Large DDI Codebook (10K+ variables)

export DDIGRAPH_NEO4J_URI=bolt://cluster:7687
export DDIGRAPH_MAX_CONNECTION_POOL_SIZE=20
export DDIGRAPH_CHUNK_SIZE=1000
export DDIGRAPH_QUEUE_MAXSIZE=4
export DDIGRAPH_WRITER_CONCURRENCY=4
export DDIGRAPH_TRANSACTION_TIMEOUT=60
ddigraph bootstrap
ddigraph load large_codebook.xml --dataset-id survey2024 --batch-metrics

Large DDI-L FragmentInstance (5K+ fragments)

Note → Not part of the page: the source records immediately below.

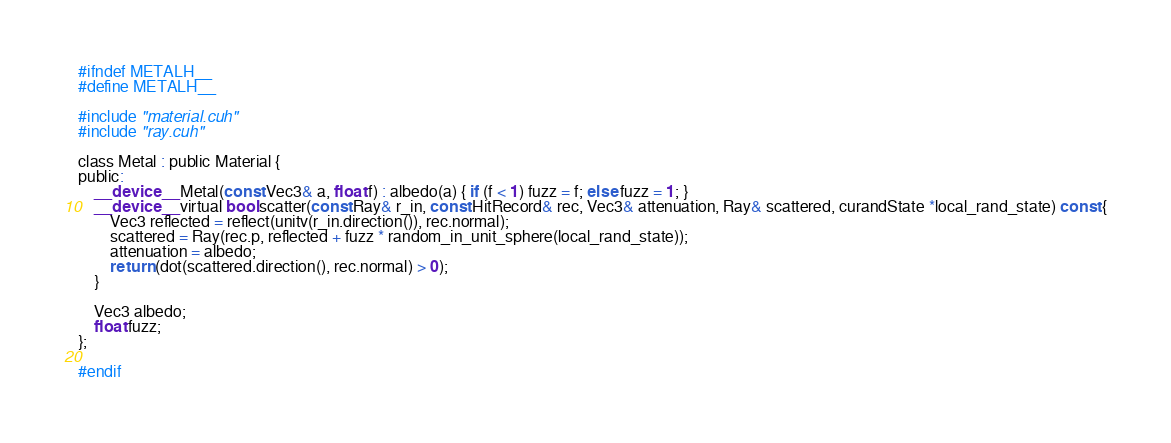Convert code to text. <code><loc_0><loc_0><loc_500><loc_500><_Cuda_>#ifndef METALH__
#define METALH__

#include "material.cuh"
#include "ray.cuh"

class Metal : public Material {
public:
    __device__ Metal(const Vec3& a, float f) : albedo(a) { if (f < 1) fuzz = f; else fuzz = 1; }
    __device__ virtual bool scatter(const Ray& r_in, const HitRecord& rec, Vec3& attenuation, Ray& scattered, curandState *local_rand_state) const {
        Vec3 reflected = reflect(unitv(r_in.direction()), rec.normal);
        scattered = Ray(rec.p, reflected + fuzz * random_in_unit_sphere(local_rand_state));
        attenuation = albedo;
        return (dot(scattered.direction(), rec.normal) > 0);
    }

    Vec3 albedo;
    float fuzz;
};

#endif</code> 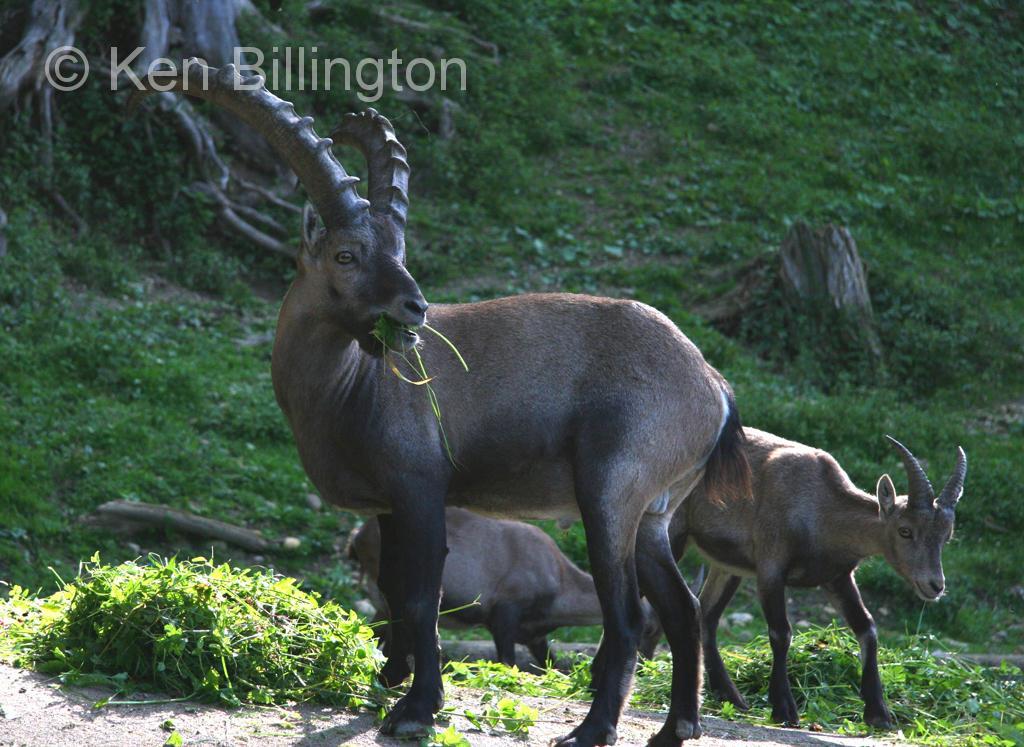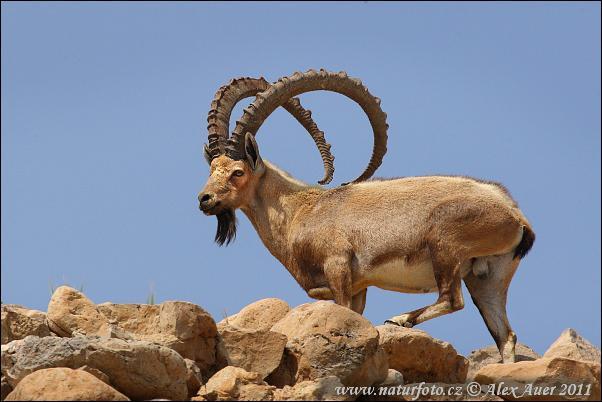The first image is the image on the left, the second image is the image on the right. Assess this claim about the two images: "There are at least two animals in the image on the left.". Correct or not? Answer yes or no. Yes. 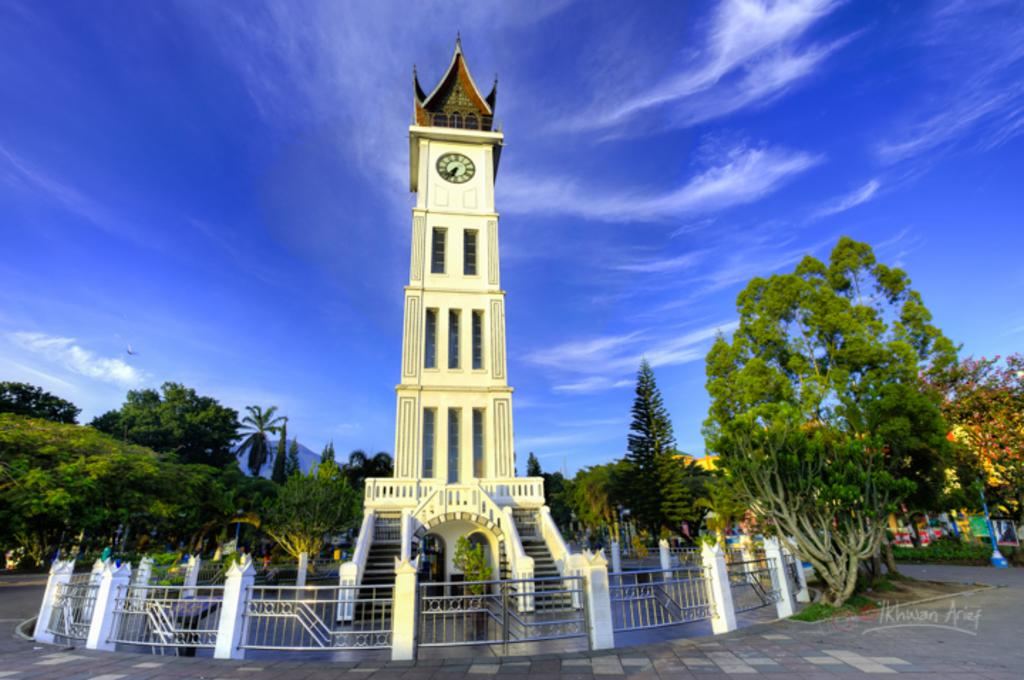What type of structure is present in the image? There is a building in the image. What time-telling device can be seen in the image? There is a clock in the image. What type of natural vegetation is visible in the background of the image? There are trees in the background of the image. What color is the pole visible in the background of the image? The pole is blue in color. What can be seen in the sky in the image? There are clouds visible in the sky. What part of the natural environment is visible in the background of the image? The sky is visible in the background of the image. Where is the cat hiding in the image? There is no cat present in the image. What shape is the box that the cat is playing with in the image? There is no box or cat present in the image. 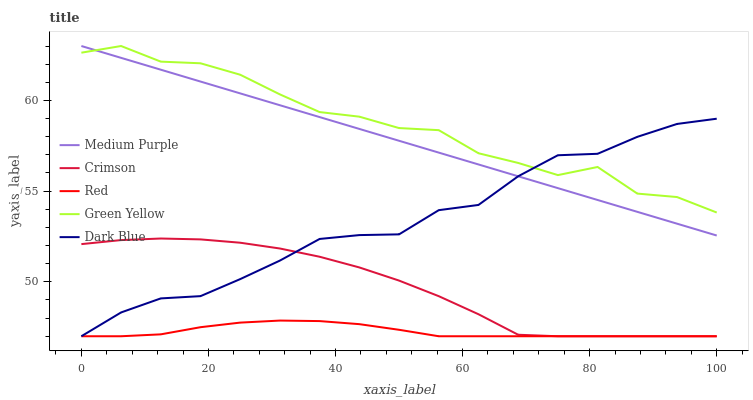Does Red have the minimum area under the curve?
Answer yes or no. Yes. Does Green Yellow have the maximum area under the curve?
Answer yes or no. Yes. Does Crimson have the minimum area under the curve?
Answer yes or no. No. Does Crimson have the maximum area under the curve?
Answer yes or no. No. Is Medium Purple the smoothest?
Answer yes or no. Yes. Is Green Yellow the roughest?
Answer yes or no. Yes. Is Crimson the smoothest?
Answer yes or no. No. Is Crimson the roughest?
Answer yes or no. No. Does Green Yellow have the lowest value?
Answer yes or no. No. Does Green Yellow have the highest value?
Answer yes or no. Yes. Does Crimson have the highest value?
Answer yes or no. No. Is Crimson less than Green Yellow?
Answer yes or no. Yes. Is Medium Purple greater than Crimson?
Answer yes or no. Yes. Does Crimson intersect Green Yellow?
Answer yes or no. No. 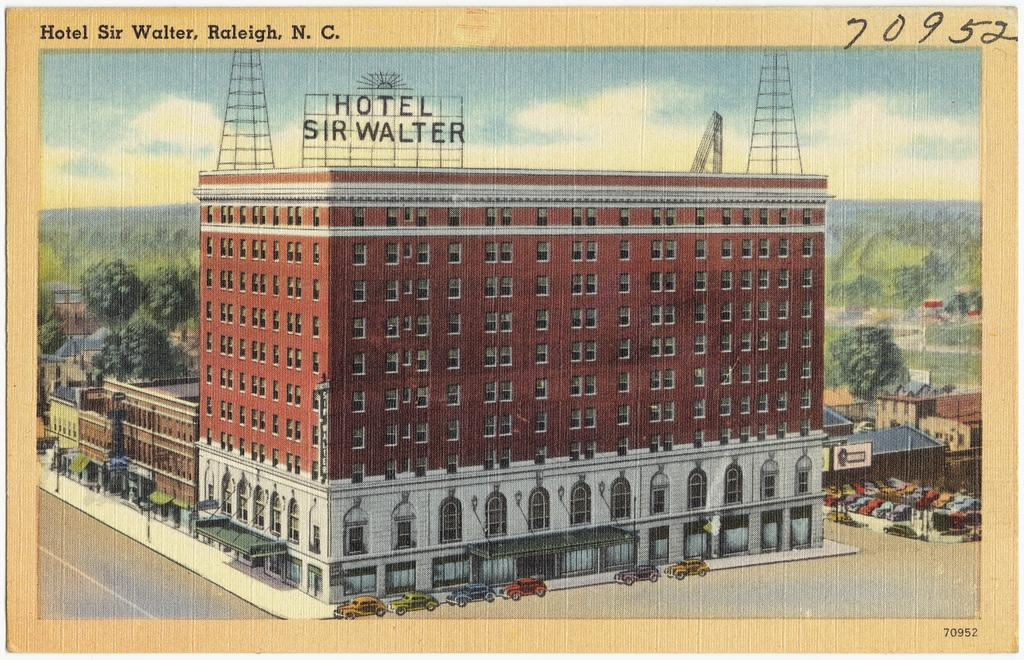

export DDIGRAPH_NEO4J_URI=bolt://cluster:7687
export DDIGRAPH_CHUNK_SIZE=500
export DDIGRAPH_TRANSACTION_TIMEOUT=60
export DDIGRAPH_WRITE_RETRY_ATTEMPTS=5
ddigraph bootstrap
ddigraph load large_questionnaire.xml --batch-metrics --json

AuraDB Cloud Instance

export DDIGRAPH_NEO4J_URI=neo4j+s://xxxx.databases.neo4j.io
export DDIGRAPH_ENCRYPTED=true
export DDIGRAPH_CONNECTION_TIMEOUT=10
export DDIGRAPH_CHUNK_SIZE=200  # Smaller batches for cloud latency
export DDIGRAPH_WRITE_RETRY_ATTEMPTS=5
export DDIGRAPH_WRITE_RETRY_BASE_DELAY=2.0
ddigraph bootstrap
ddigraph load file.xml --dataset-id demo

Memory-Constrained Environment

export DDIGRAPH_CHUNK_SIZE=50
export DDIGRAPH_QUEUE_MAXSIZE=1
export DDIGRAPH_WRITER_CONCURRENCY=1
ddigraph load file.xml --dataset-id demo

Performance Comparison

DDI-L FragmentInstance Performance

For Ireland_LabourSurvey.xml (148K lines, 2,762 fragments):

Metric Value
Neo4j queries ~30
Memory pattern O(chunk_size)
Async operations All writes
Queries per fragment ~0.01

The low query count comes from UNWIND batching by fragment type.

Troubleshooting

Slow Ingestion

  1. Increase chunk_size to reduce transaction overhead
  2. Increase writer_concurrency (Codebook) if pool has capacity
  3. Check Neo4j server resources and indexes

Memory Issues

  1. Decrease chunk_size to reduce in-flight data
  2. Decrease queue_maxsize (Codebook) to limit buffering
  3. Ensure XML parsing uses streaming (iterparse)

Connection Errors

  1. Increase connection_timeout for slow networks
  2. Increase write_retry_attempts for transient failures
  3. Verify TLS settings for cloud instances

Transaction Timeouts

  1. Decrease chunk_size to reduce per-transaction work
  2. Increase transaction_timeout for large batches
  3. Check Neo4j server configuration

See Architecture for design context and CLI Reference for all options.